Receive webhooks

Replicate can send an HTTP POST request to the URL you specified whenever the prediction is created, has new logs, new output, or is completed.

The request body is a prediction object in JSON format. This object has the same structure as the object returned by the get a prediction API. Here's an example of an unfinished prediction:

{
  "id": "ufawqhfynnddngldkgtslldrkq",
  "version": "5c7d5dc6dd8bf75c1acaa8565735e7986bc5b66206b55cca93cb72c9bf15ccaa",
  "created_at": "2022-04-26T22:13:06.224088Z",
  "started_at": null,
  "completed_at": null,
  "status": "starting",
  "input": {
    "text": "Alice"
  },
  "output": null,
  "error": null,
  "logs": null,
  "metrics": {}
}

Refer to Prediction status for the list of possible status values.

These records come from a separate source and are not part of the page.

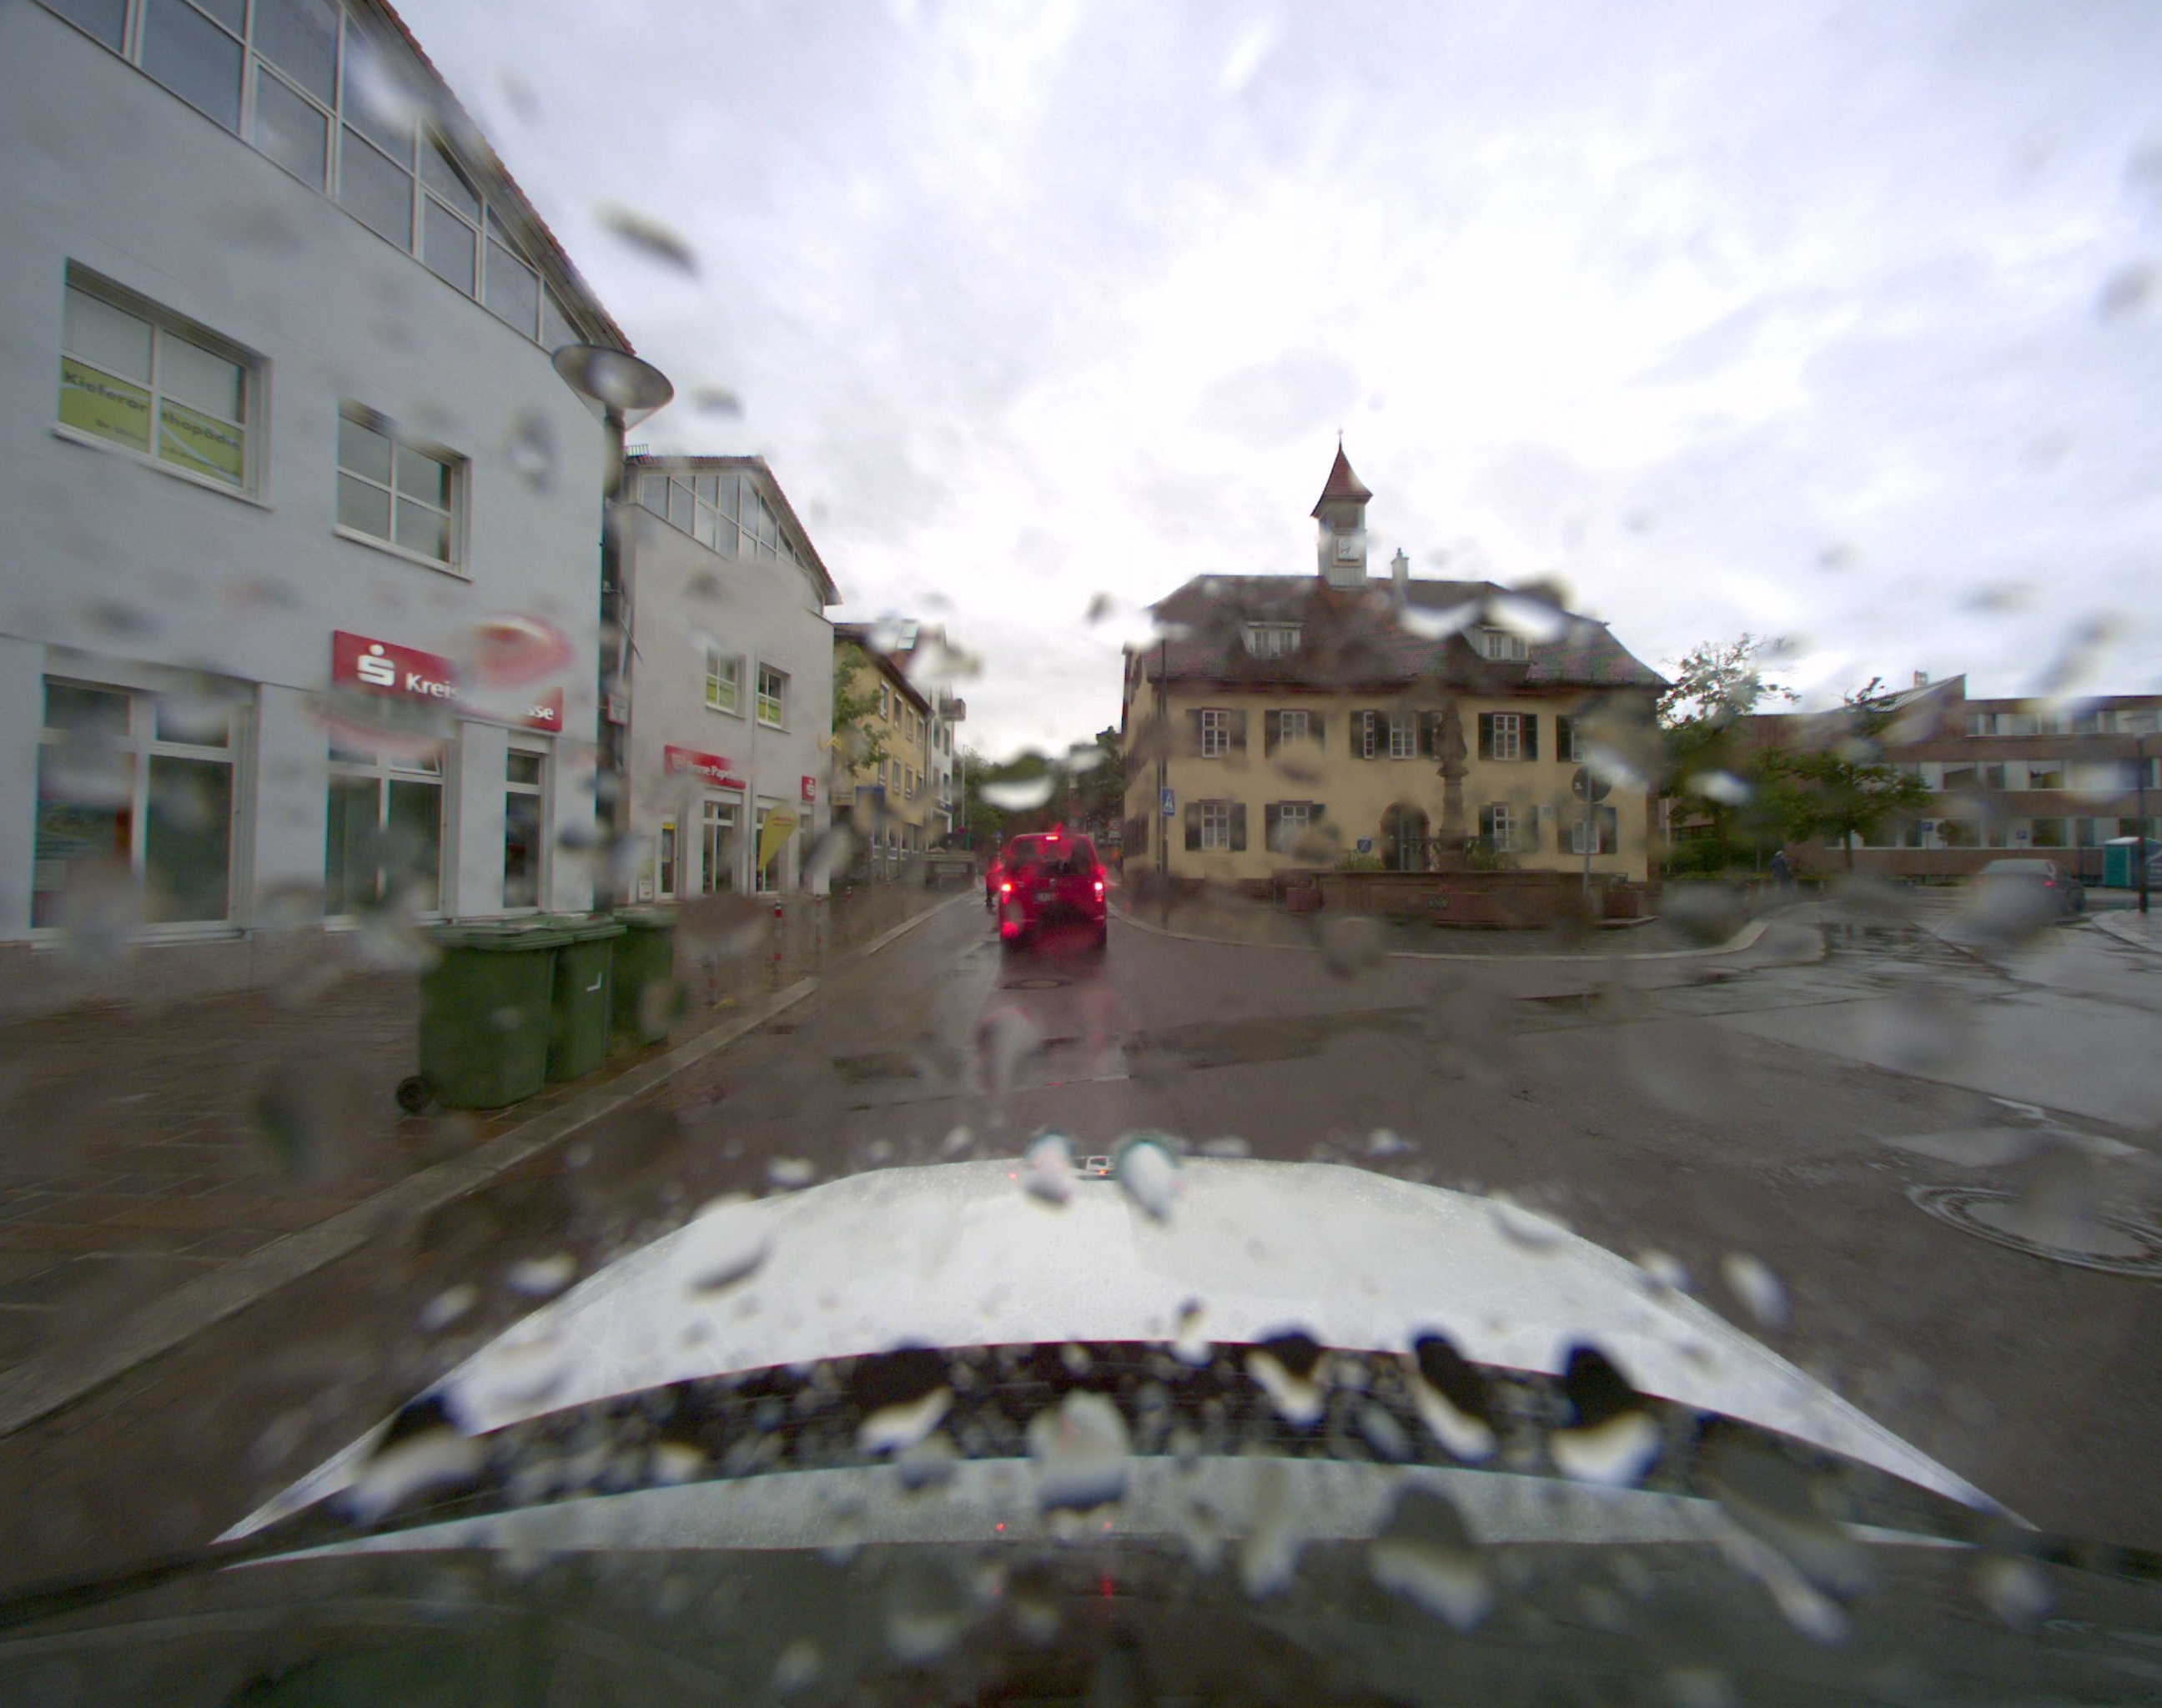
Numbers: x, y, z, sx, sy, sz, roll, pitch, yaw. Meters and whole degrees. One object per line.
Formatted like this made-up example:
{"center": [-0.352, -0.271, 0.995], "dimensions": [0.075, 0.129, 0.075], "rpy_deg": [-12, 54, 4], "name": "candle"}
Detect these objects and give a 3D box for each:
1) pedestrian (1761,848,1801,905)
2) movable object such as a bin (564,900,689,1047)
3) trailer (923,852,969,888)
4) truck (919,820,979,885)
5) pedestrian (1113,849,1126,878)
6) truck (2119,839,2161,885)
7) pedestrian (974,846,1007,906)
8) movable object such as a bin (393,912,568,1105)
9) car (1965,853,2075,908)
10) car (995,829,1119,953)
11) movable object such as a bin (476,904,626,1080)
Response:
{"center": [23.101, 0.735, 26.877], "dimensions": [0.688, 1.822, 0.785], "rpy_deg": [0, -1, -29], "name": "pedestrian"}
{"center": [-3.653, 0.940, 6.586], "dimensions": [0.656, 1.096, 0.613], "rpy_deg": [-1, -1, 0], "name": "movable object such as a bin"}
{"center": [-5.525, 0.640, 33.546], "dimensions": [1.726, 1.346, 3.153], "rpy_deg": [0, 1, -7], "name": "trailer"}
{"center": [-6.089, -0.129, 38.376], "dimensions": [2.471, 2.795, 6.584], "rpy_deg": [0, 1, -7], "name": "truck"}
{"center": [2.137, 0.536, 45.357], "dimensions": [0.725, 1.617, 0.694], "rpy_deg": [-1, -1, 0], "name": "pedestrian"}
{"center": [48.487, 0.330, 35.513], "dimensions": [1.853, 2.014, 3.546], "rpy_deg": [-1, 0, -1], "name": "truck"}
{"center": [-2.559, 0.610, 23.068], "dimensions": [0.862, 1.693, 0.716], "rpy_deg": [0, 0, -1], "name": "pedestrian"}
{"center": [-3.658, 0.917, 4.999], "dimensions": [0.656, 1.082, 0.553], "rpy_deg": [-1, -1, 2], "name": "movable object such as a bin"}
{"center": [25.491, 0.678, 22.082], "dimensions": [3.622, 1.363, 1.654], "rpy_deg": [0, -1, -37], "name": "car"}
{"center": [-0.551, 0.558, 14.419], "dimensions": [1.859, 1.830, 4.177], "rpy_deg": [-1, 0, -6], "name": "car"}
{"center": [-3.627, 0.920, 5.611], "dimensions": [0.656, 1.115, 0.553], "rpy_deg": [-1, -1, 2], "name": "movable object such as a bin"}

Here's an example of a Next.js webhook handler:

// pages/api/replicate-webhook.js
export default async function handler(req, res) {
  console.log("🪝 incoming webhook!", req.body.id);
  const prediction = req.body;
  await saveToMyDatabase(prediction);
  await sendSlackNotification(prediction);
  res.end();
}

Your endpoint should respond with a 2xx status code within a few seconds; otherwise, the webhook might be retried.

Filtering webhook events

By default, Replicate sends requests to your webhook URL whenever there are new outputs or the prediction has finished. You can change which events trigger webhook requests by specifying a webhook_events_filter array in the JSON body of the prediction request.

start: immediately on prediction start
output: each time a prediction generates an output (note that predictions can generate multiple outputs)
logs: each time log output is generated by a prediction
completed: when the prediction reaches a terminal state (succeeded/canceled/failed)

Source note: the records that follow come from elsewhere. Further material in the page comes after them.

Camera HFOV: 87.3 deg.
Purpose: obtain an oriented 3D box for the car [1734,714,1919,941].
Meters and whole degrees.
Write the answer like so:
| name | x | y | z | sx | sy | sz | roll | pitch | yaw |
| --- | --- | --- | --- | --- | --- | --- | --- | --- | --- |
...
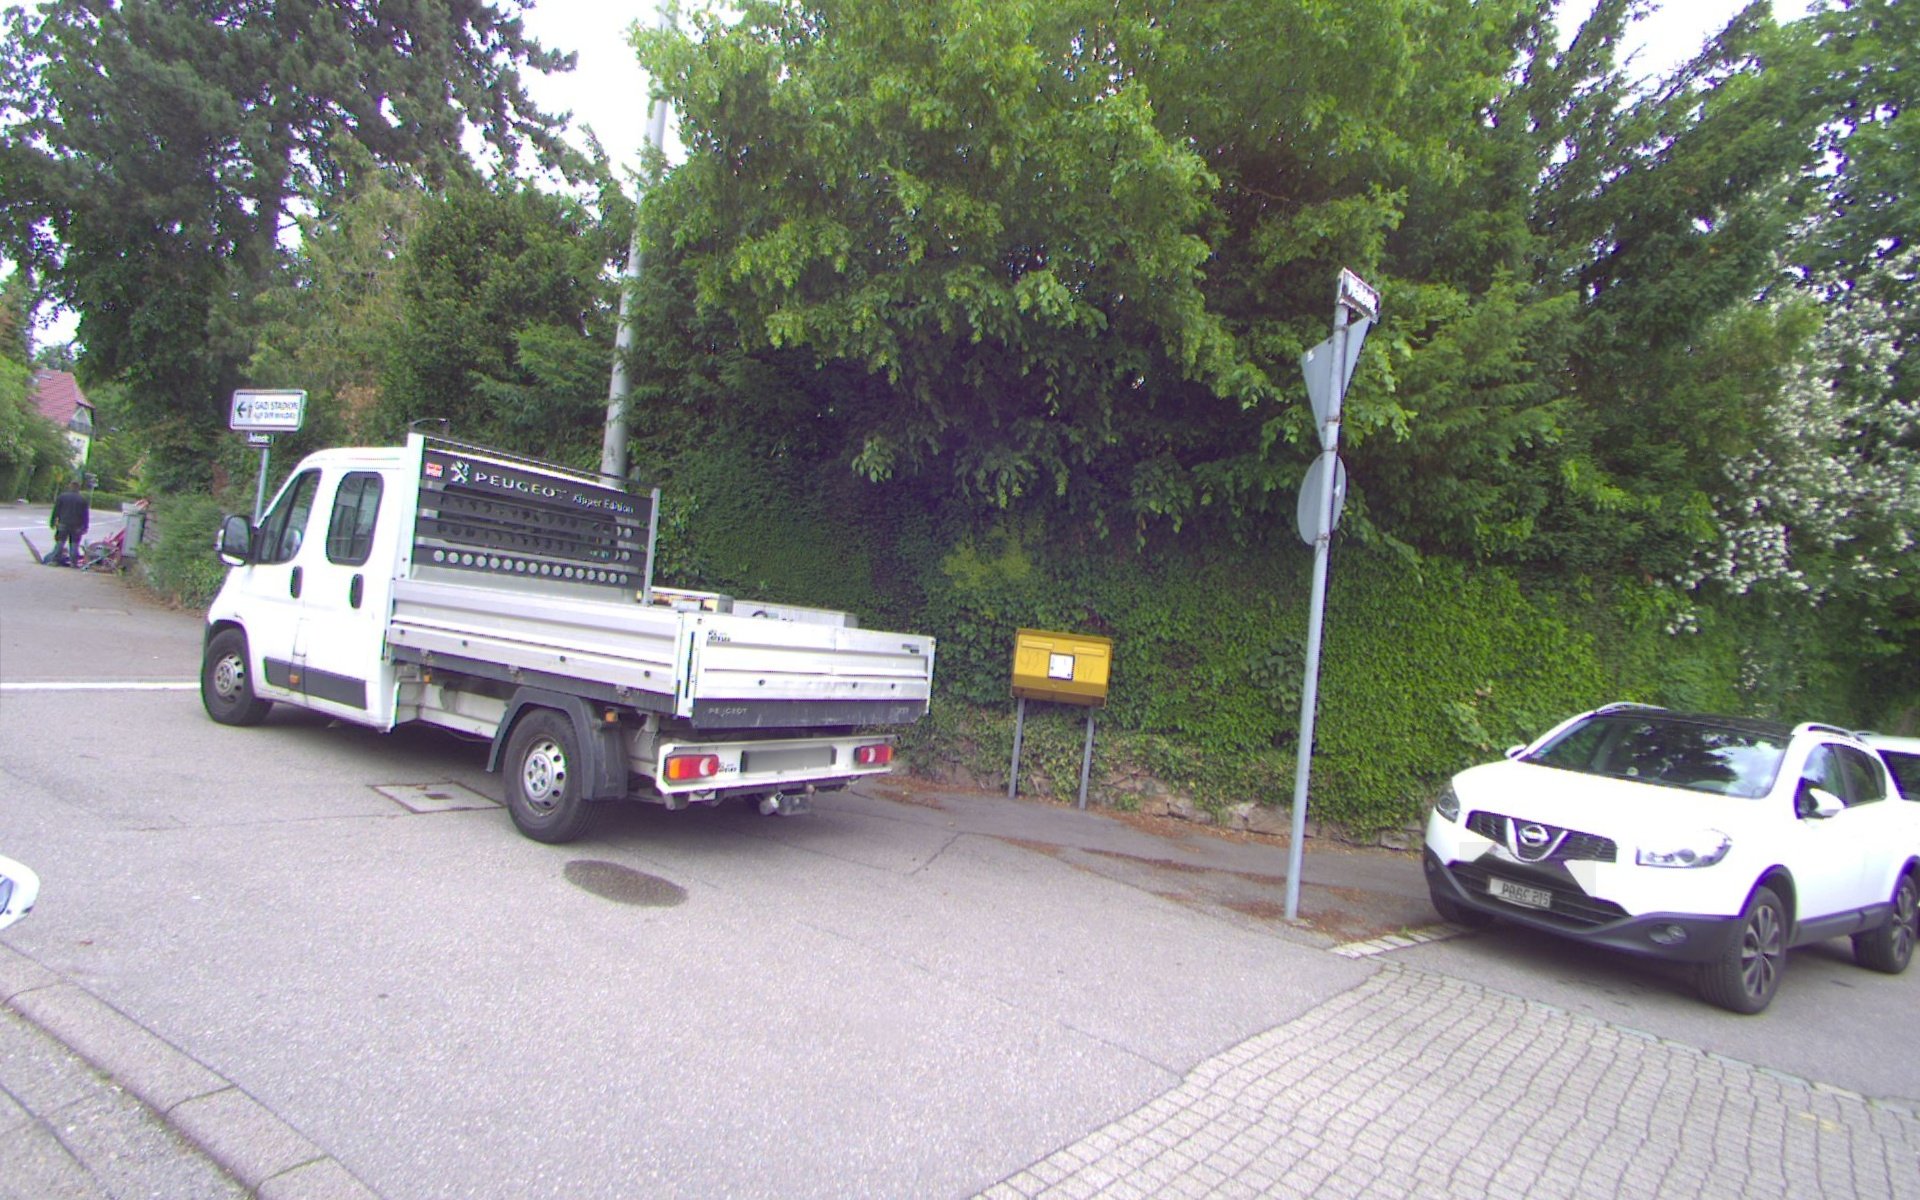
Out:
| name | x | y | z | sx | sy | sz | roll | pitch | yaw |
| --- | --- | --- | --- | --- | --- | --- | --- | --- | --- |
| car | 9.045 | 2.117 | 9.469 | 4.041 | 1.641 | 1.781 | 9 | -3 | -38 |

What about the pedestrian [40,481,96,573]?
| name | x | y | z | sx | sy | sz | roll | pitch | yaw |
| --- | --- | --- | --- | --- | --- | --- | --- | --- | --- |
| pedestrian | -19.597 | -1.598 | 22.101 | 0.549 | 1.929 | 0.597 | 7 | -1 | 32 |

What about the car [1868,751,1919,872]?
| name | x | y | z | sx | sy | sz | roll | pitch | yaw |
| --- | --- | --- | --- | --- | --- | --- | --- | --- | --- |
| car | 13.895 | 2.942 | 13.538 | 4.040 | 1.440 | 1.781 | 8 | -2 | -38 |

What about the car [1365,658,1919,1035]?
| name | x | y | z | sx | sy | sz | roll | pitch | yaw |
| --- | --- | --- | --- | --- | --- | --- | --- | --- | --- |
| car | 4.766 | 1.471 | 6.656 | 4.098 | 1.641 | 1.783 | 9 | -2 | -34 |

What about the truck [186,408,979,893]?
| name | x | y | z | sx | sy | sz | roll | pitch | yaw |
| --- | --- | --- | --- | --- | --- | --- | --- | --- | --- |
| truck | -2.934 | 0.086 | 7.161 | 5.631 | 2.270 | 2.211 | 6 | -2 | 34 |

For example, if you only wanted requests to be sent at the start and end of the prediction, you would provide:

{
  "input": {
    "text": "Alice"
  },
  "webhook": "https://example.com/my-webhook",
  "webhook_events_filter": ["start", "completed"]
}

Requests for event types output and logs will be sent at most once every 500ms. If you request start and completed webhooks, then they'll always be sent regardless of throttling.

Retries

When Replicate sends the terminal webhook for a prediction (where the status is succeeded, failed or canceled), we check the response status we get. If we can't make the request at all, or if we get a 4xx or 5xx response, we'll retry the webhook. We retry several times on an exponential backoff. The final retry is sent about 1 minute after the prediction completed.

We do not retry any webhooks for intermediate states.

Idempotency

Make webhook handlers idempotent. Identical webhooks can be sent more than once, so you'll need handle potentially duplicate information.

Ordering

In rare cases, webhooks for a single prediction may arrive out of order. We recommend you include logic in your application to ignore all webhooks for a prediction after the terminal webhook (where the status is succeeded, failed or canceled). If you are using output or logs events, you may also want to ignore webhooks that regress the status of the prediction (for example, by emitting less output or fewer logs).